• WHAT IS REQUIRED
Print exactly the lines below between the line containing "Image width covers 19.7°." and the line containing "2) sneaker <box>0,136,234,338</box>", counting both of those lines. Leave pictures out.

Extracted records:
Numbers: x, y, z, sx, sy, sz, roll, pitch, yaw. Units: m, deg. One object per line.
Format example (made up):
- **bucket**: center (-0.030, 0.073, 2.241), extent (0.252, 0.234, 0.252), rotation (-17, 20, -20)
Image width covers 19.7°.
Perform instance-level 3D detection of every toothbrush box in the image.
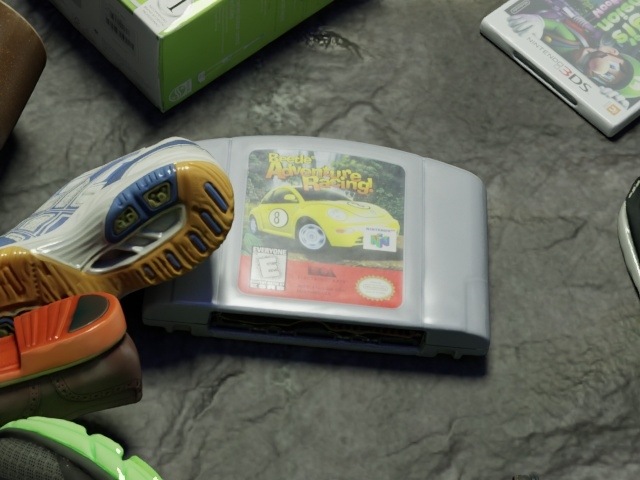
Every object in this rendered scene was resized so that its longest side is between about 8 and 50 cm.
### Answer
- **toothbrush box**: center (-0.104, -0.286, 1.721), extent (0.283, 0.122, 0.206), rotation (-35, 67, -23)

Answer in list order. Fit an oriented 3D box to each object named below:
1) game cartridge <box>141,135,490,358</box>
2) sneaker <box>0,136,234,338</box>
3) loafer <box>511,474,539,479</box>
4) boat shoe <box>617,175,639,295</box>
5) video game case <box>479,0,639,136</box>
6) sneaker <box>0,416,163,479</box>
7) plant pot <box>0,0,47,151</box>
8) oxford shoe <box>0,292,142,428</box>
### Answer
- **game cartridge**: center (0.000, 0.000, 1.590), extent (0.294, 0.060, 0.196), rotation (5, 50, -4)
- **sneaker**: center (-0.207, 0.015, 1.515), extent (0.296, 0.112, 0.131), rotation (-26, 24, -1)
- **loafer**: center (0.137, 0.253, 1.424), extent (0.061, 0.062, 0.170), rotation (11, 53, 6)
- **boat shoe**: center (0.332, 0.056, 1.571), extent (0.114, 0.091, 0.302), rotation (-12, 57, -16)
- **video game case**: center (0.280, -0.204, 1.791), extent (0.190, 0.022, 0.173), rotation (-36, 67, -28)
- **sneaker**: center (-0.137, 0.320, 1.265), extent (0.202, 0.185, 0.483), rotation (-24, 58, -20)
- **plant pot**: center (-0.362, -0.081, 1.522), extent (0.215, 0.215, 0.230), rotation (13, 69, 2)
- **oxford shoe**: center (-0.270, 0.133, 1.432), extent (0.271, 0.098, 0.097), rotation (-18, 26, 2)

...

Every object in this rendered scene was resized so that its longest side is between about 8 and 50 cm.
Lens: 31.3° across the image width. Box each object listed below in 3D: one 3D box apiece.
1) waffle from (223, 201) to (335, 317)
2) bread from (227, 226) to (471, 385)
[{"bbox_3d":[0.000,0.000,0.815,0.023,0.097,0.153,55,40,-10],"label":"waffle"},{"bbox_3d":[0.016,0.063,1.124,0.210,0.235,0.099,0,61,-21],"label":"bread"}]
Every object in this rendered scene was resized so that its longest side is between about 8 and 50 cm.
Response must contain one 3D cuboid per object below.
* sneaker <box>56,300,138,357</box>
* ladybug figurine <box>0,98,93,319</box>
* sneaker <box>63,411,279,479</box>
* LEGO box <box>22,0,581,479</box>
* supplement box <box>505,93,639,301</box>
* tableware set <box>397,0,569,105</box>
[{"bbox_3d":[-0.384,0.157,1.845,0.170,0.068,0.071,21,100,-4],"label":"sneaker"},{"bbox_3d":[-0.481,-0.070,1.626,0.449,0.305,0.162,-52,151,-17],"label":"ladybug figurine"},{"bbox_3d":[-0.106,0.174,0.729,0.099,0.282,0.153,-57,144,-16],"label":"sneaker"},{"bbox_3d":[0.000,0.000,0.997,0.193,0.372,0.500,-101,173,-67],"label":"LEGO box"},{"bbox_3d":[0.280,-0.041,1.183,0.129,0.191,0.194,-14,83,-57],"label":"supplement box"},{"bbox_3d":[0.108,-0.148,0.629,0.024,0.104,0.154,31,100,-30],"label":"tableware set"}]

• OUTPUT FOR THIS EXERCISE
Image width covers 19.7°.
Perform instance-level 3D detection of every toothbrush box in the image.
Every object in this rendered scene was resized so that its longest side is between about 8 and 50 cm.
### Answer
- **toothbrush box**: center (-0.104, -0.286, 1.721), extent (0.283, 0.122, 0.206), rotation (-35, 67, -23)

Answer in list order. Fit an oriented 3D box to each object named below:
1) game cartridge <box>141,135,490,358</box>
2) sneaker <box>0,136,234,338</box>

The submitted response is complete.